The Next Right

  • Why Lisa Murkowski Lost

    [It's been 1 year and 4 months since I wrote my last blog post here. For readers of The Next Right, I left my position as the RNC's Deputy Research Director back in May and am currently a Senior Communications Strategist with New Media Strategies in Rosslyn, VA. It feels good to be back in the blogosphere.]

    Lisa Murkowski has now conceded. I have a great amount of respect for Joe Miller, but I have been a loyal supporter of Lisa Murkowski since her 2004 campaign. As a conservative from Alaska, I have disagreed with her positions on a few issues, but I believe she has been a good Senator for Alaska. Murkowski has been a thoughtful policymaker among her peers as well as an articulate leader on several key national issues including energy security.

    Yet despite the enormous amount of admiration I have for her, I believe Murkowski has no one to blame except her own campaign for what is a stunning primary defeat. Bottom line up front: Lisa Murkowski's primary campaign should serve as a lesson in what not to do when you are being attacked by your opponent.

    There has been a lot of talk about how wrong the polls were, the ballot initiative concerning abortion, and why Lisa Murkowski decided not to "go negative" on Joe Miller. Yet it's just not as simple as that.
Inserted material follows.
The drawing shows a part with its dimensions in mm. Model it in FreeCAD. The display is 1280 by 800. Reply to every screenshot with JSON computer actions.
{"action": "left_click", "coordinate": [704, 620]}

Here are four very interconnected reasons why Lisa Murkowski lost:

    1. When attacked by Miller on health care via paid media, Murkowski chose to respond directly only via earned media.
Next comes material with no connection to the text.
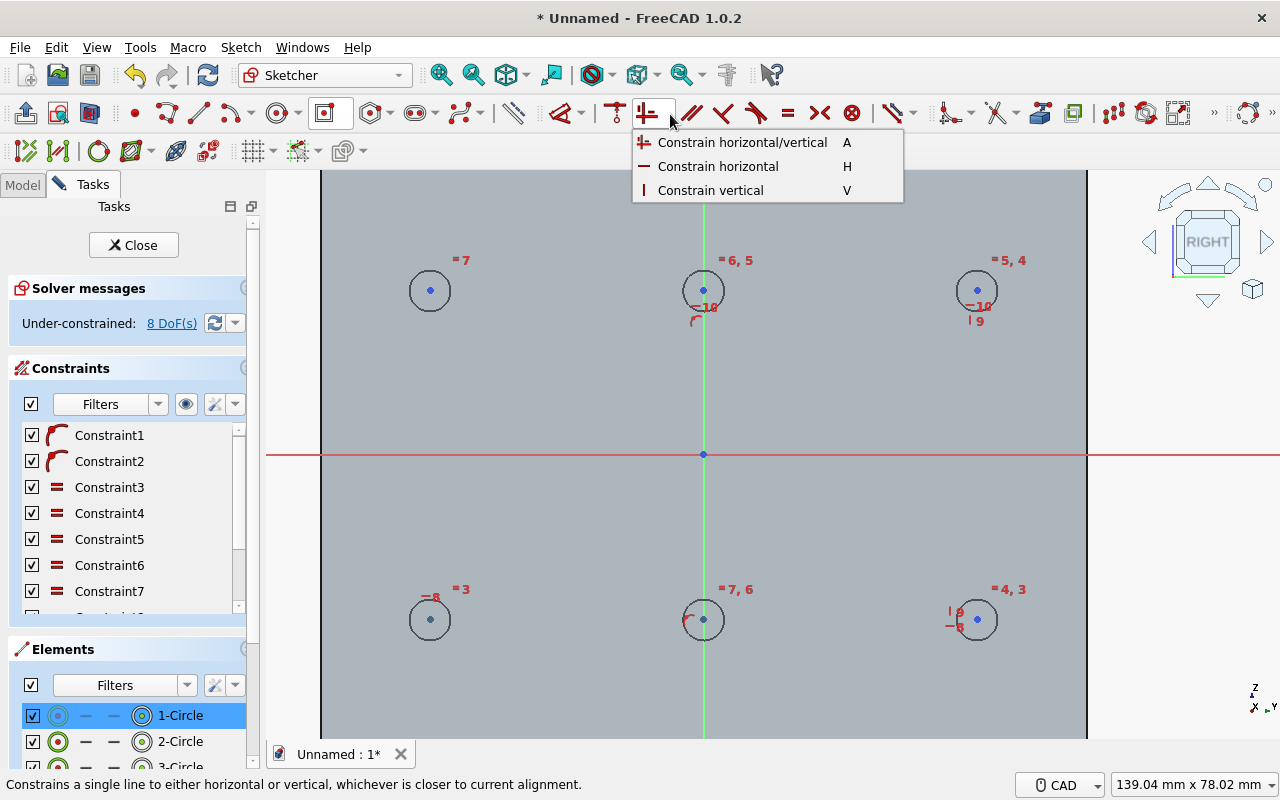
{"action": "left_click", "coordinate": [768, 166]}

    Joe Miller didn't raise a lot of money, but he had enough money to buy a swarm of radio ads throughout the summer claiming that Murkowski wouldn't vote to repeal President Obama's health care reform package. Murkowski's direct response to this claim only showed up in the newspapers, talk radio shows and TV.

    Now, as an Alaskan, one might think that this is a relatively good strategy seeing as though most of Alaska media is dominated by one newspaper, one television station and a handful of talk radio outlets. Plus, Murkowski's response was a good one: that Joe Miller's claim was an outright lie and that she voted several times to repeal portions of Obamacare and co-sponsored other pieces of legislation to do the same. (More on this in point #3.)

    But do the math: Joe Miller's several radio ads and robocalls constantly spreading this claim vs. the maybe one story per day Lisa Murkowski got rebuffing this claim. Republican primary voters probably heard Miller's message 5 to 10 times as much as Murkowski's direct response during the summer. You can't bring a knife to a gun fight.

    2. Murkowski's paid media message strategy centered on "I'm a conservative too."

    It wasn't as if Murkowski didn't have the money to respond; she had millions to spend on paid media. So what kind of paid media did she put up as her closing argument? Watch below:

    Summary of her closing argument: "You don't like Obama? Me neither." When you're being attacked in paid media in a Republican primary in this environment, the right response in paid media isn't to say "Here's evidence that I'm a conservative." It shows a certain sign of weakness to the electorate, maybe even a hint of phoniness.

    3. Murkowski had the right response to Joe Miller ready to go, but never used it.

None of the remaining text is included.